◆ WORK ORDER ◆
When you find the line with "# The MIT License (MIT)" among the records below, reproduce it and each line after it exactly, ending with the line with "# THE SOFTWARE".

SOURCE MATERIAL section start

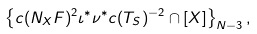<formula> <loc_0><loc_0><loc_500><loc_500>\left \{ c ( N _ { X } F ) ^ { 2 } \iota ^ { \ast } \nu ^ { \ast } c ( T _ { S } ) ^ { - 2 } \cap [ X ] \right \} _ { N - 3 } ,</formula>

SOURCE MATERIAL section end
SOURCE MATERIAL section start

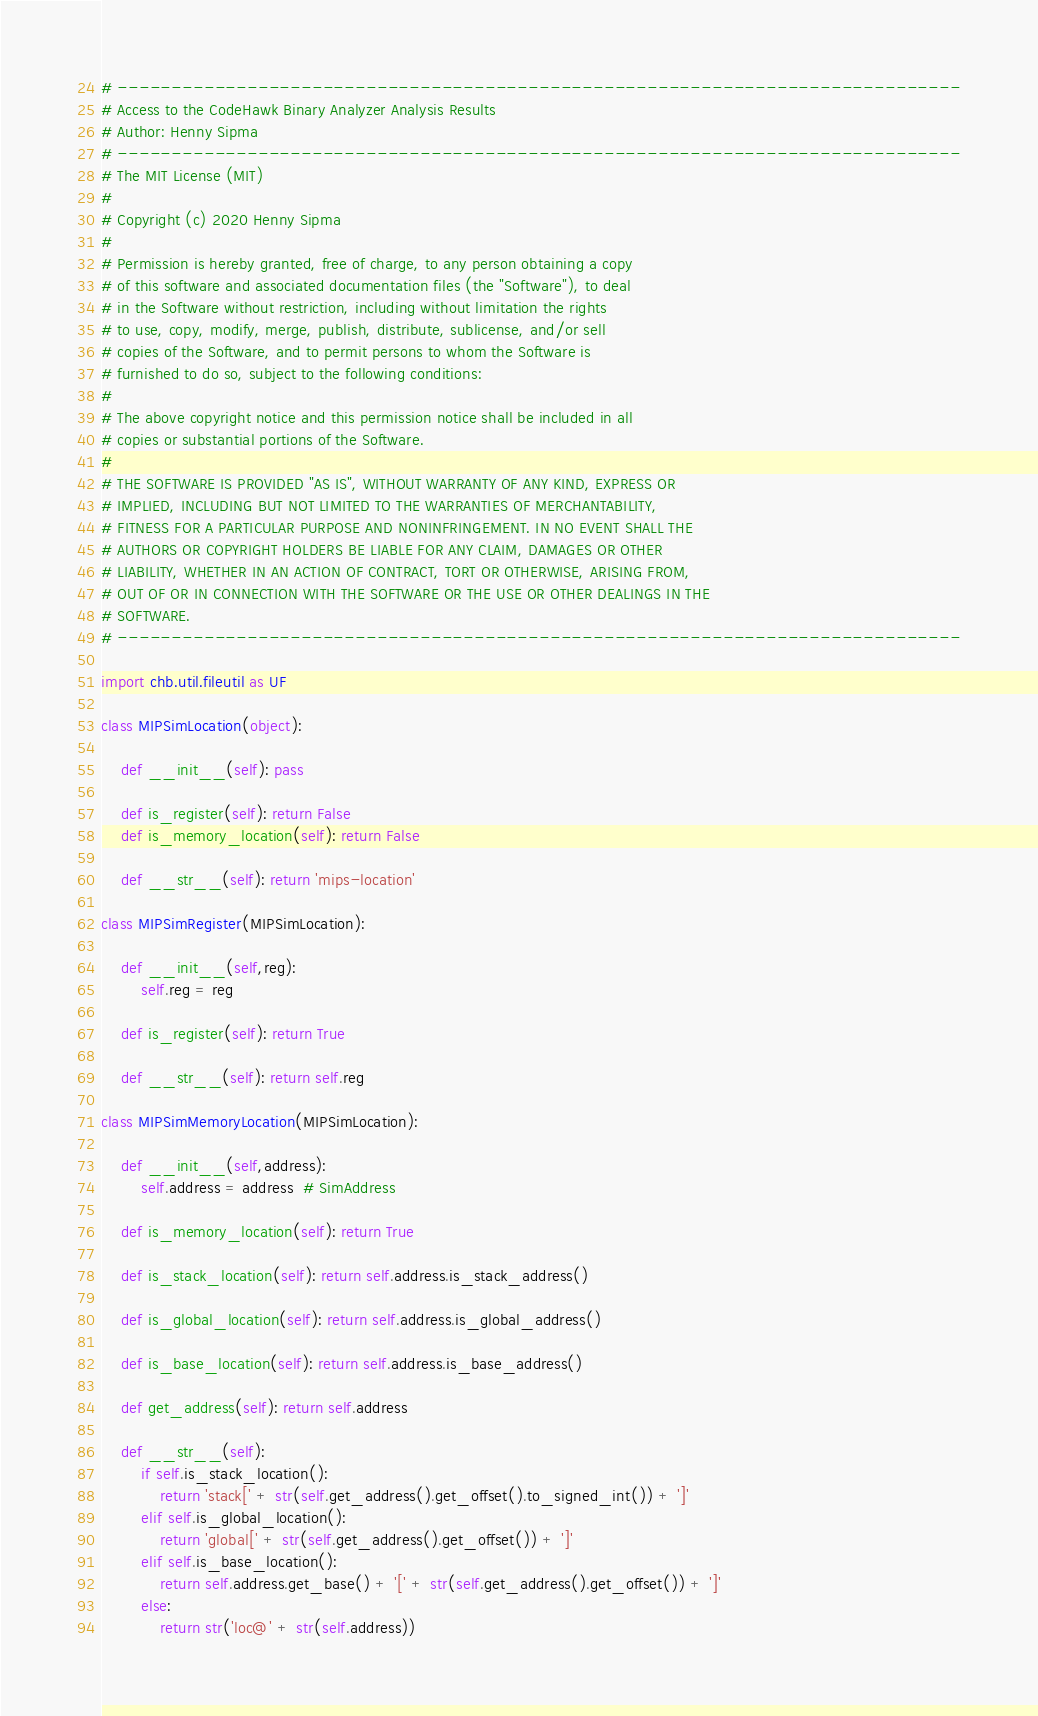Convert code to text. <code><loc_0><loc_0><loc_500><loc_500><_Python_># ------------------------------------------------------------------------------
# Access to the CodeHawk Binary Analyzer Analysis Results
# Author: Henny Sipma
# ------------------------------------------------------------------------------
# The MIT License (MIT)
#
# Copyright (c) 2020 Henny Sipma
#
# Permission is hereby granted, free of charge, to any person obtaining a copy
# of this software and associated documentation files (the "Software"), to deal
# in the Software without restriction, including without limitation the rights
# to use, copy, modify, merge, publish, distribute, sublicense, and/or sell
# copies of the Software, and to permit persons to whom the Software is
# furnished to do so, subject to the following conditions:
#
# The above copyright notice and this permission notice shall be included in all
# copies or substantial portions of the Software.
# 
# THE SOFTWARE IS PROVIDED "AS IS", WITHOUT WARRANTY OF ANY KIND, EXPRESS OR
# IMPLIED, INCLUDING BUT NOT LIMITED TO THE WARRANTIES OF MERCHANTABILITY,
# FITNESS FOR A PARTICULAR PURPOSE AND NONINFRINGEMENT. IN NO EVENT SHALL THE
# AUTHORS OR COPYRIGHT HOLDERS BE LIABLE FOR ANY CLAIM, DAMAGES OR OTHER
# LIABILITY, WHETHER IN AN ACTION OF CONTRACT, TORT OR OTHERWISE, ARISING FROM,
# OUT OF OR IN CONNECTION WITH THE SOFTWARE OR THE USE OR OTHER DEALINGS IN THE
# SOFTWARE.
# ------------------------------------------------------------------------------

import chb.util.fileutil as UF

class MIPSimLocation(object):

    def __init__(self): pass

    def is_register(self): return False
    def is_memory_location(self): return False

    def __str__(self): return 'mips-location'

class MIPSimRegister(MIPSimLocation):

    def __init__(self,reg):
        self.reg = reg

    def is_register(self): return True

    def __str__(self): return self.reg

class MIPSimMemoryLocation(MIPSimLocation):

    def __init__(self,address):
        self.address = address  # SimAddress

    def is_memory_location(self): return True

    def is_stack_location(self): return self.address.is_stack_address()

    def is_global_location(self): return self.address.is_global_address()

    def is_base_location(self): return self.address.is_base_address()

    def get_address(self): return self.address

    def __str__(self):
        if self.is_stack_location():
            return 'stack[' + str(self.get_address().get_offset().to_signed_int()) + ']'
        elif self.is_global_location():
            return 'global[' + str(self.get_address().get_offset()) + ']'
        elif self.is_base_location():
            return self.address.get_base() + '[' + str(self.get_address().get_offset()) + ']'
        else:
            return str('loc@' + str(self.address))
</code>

SOURCE MATERIAL section end

◆ ANSWER SECTION ◆
# The MIT License (MIT)
#
# Copyright (c) 2020 Henny Sipma
#
# Permission is hereby granted, free of charge, to any person obtaining a copy
# of this software and associated documentation files (the "Software"), to deal
# in the Software without restriction, including without limitation the rights
# to use, copy, modify, merge, publish, distribute, sublicense, and/or sell
# copies of the Software, and to permit persons to whom the Software is
# furnished to do so, subject to the following conditions:
#
# The above copyright notice and this permission notice shall be included in all
# copies or substantial portions of the Software.
# 
# THE SOFTWARE IS PROVIDED "AS IS", WITHOUT WARRANTY OF ANY KIND, EXPRESS OR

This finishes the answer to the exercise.